This expansion of federal power and control began long ago, in 1824 with the declaration of Chief Justice John Marshall in Gibbons v. Ogden, where he wrote, “This power, like all others vested in Congress, is complete in itself, may be exercised to its utmost extent, and acknowledges no limitations, other than are prescribed in the constitution.” But in that same ruling Marshall admitted that Congress’ power to regulate commerce is not plenary. He wrote, “The enumeration presupposes something not enumerated; and that something, if we regard the language or the subject of the sentence, must be the exclusively internal commerce of a State.” (emphasis added)

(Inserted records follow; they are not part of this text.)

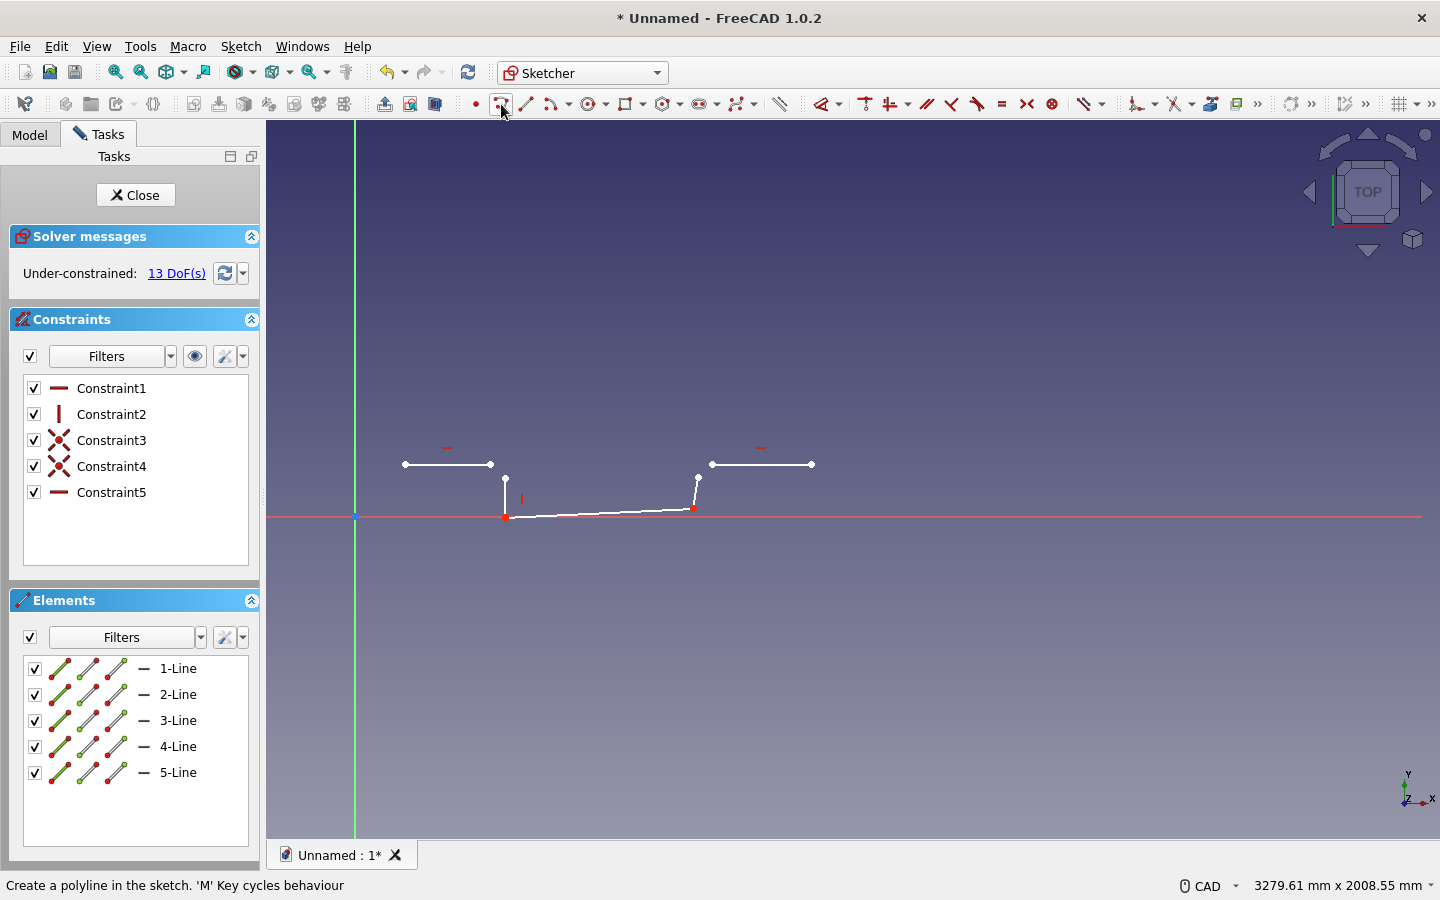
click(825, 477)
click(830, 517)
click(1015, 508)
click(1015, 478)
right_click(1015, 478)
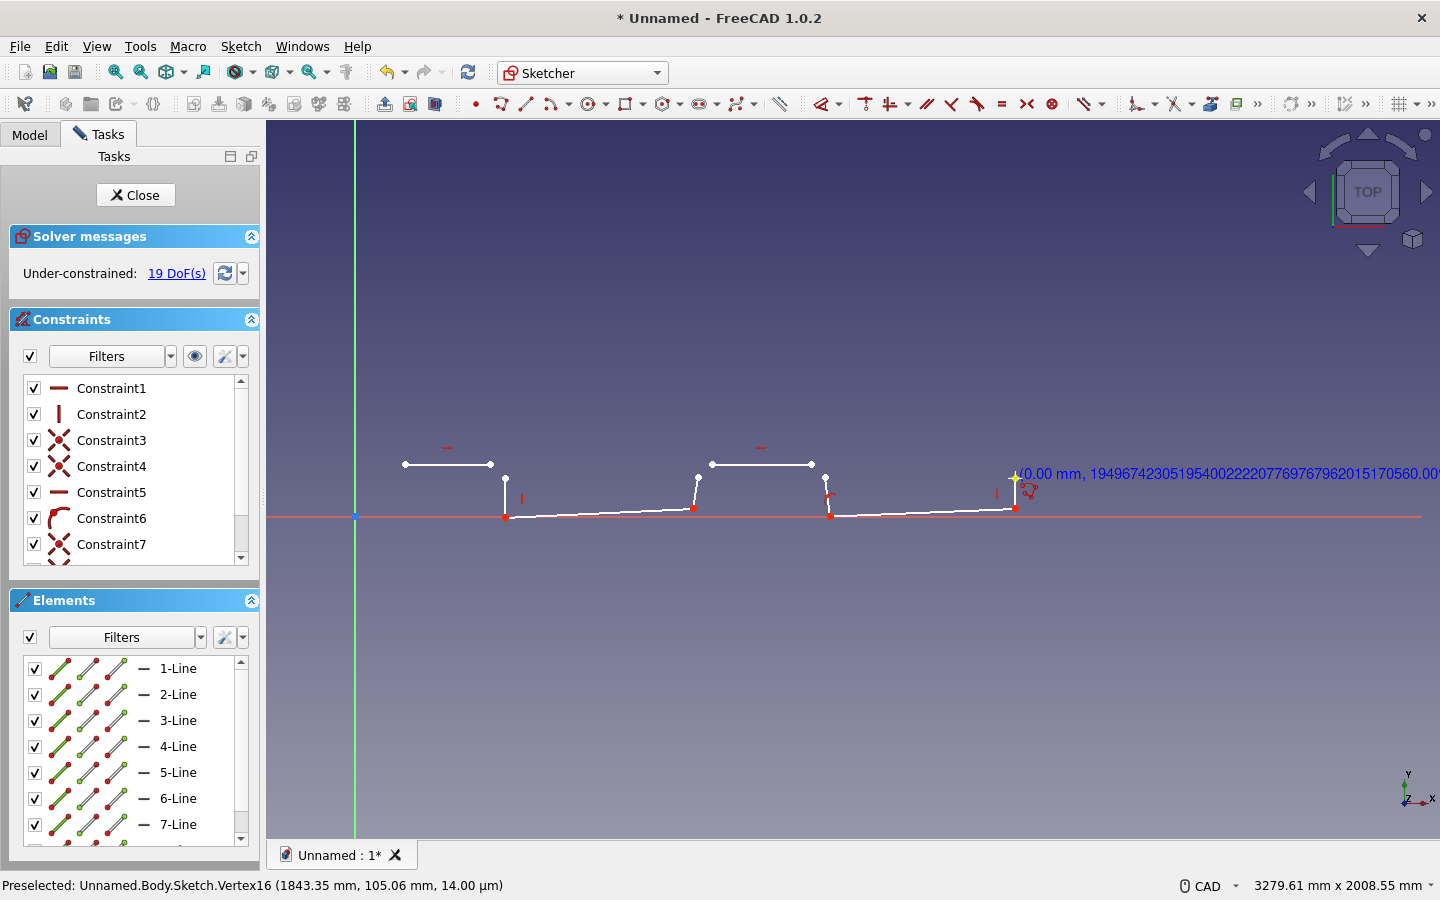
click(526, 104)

For more than a hundred years after Marshall’s ruling, the federal government largely confined itself to actually regulating commerce that passed between states. But during the Roosevelt New Deal administration, the Court radically expanded the scope of the commerce clause in Wickard v. Filburn, where a farmer growing grain on his own property for consumption by his own livestock, which were intended to be consumed by his family was charged with a crime under FDR’s Agricultural Adjustment Act of 1938, in which the federal government assumed the power to regulate how much wheat could be produced by farmers nationwide in order to limit wheat supplies and drive up wheat prices through artificial shortages during the Great Depression.

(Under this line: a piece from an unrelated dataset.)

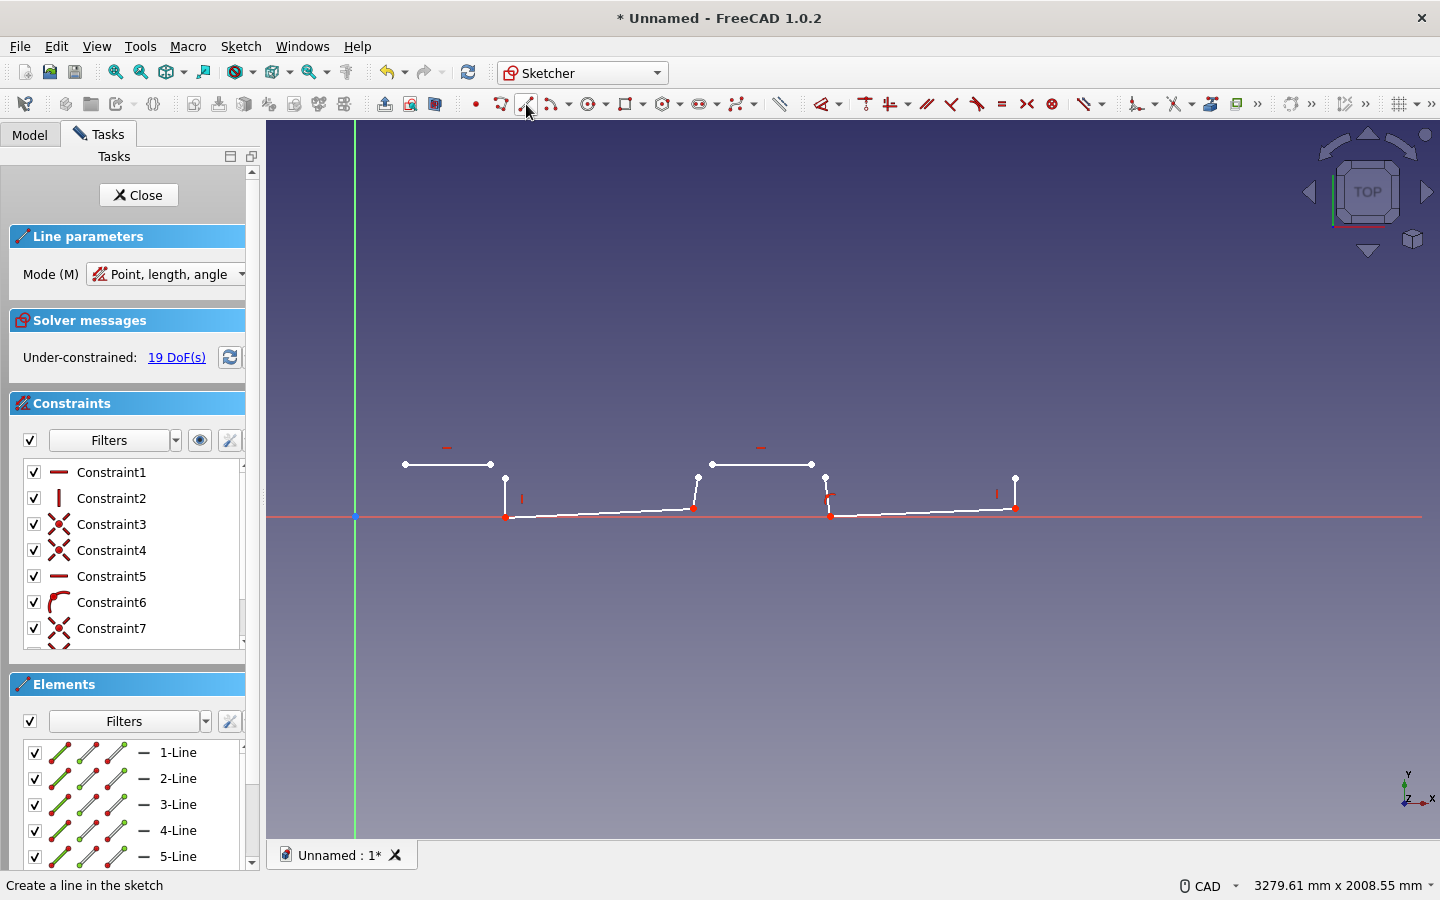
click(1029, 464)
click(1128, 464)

With this ruling, almost no activity was beyond the reach of Congress under the commerce clause, and it wasn’t until 1995 that the Court began restricting Congress’ power to interfere in strictly in-state local matters. In United States v. Lopez (1995), Chief Justice William H. Rehnquist, writing for the majority, struck down a federal law that made it a crime to possess a gun within 1000 feet of a school, reasoning that the mere possession of a firearm does not qualify as “commerce” and that the supposed justification that schoolchildren eventually grow up to be workers who may travel interstate was too tenuous and insubstantial a connection to “commerce among the several states” to be upheld, and that therefore the federal regulation of the simple possession of firearms within the boundaries of a state was beyond the authority of the commerce clause and the Congress to regulate.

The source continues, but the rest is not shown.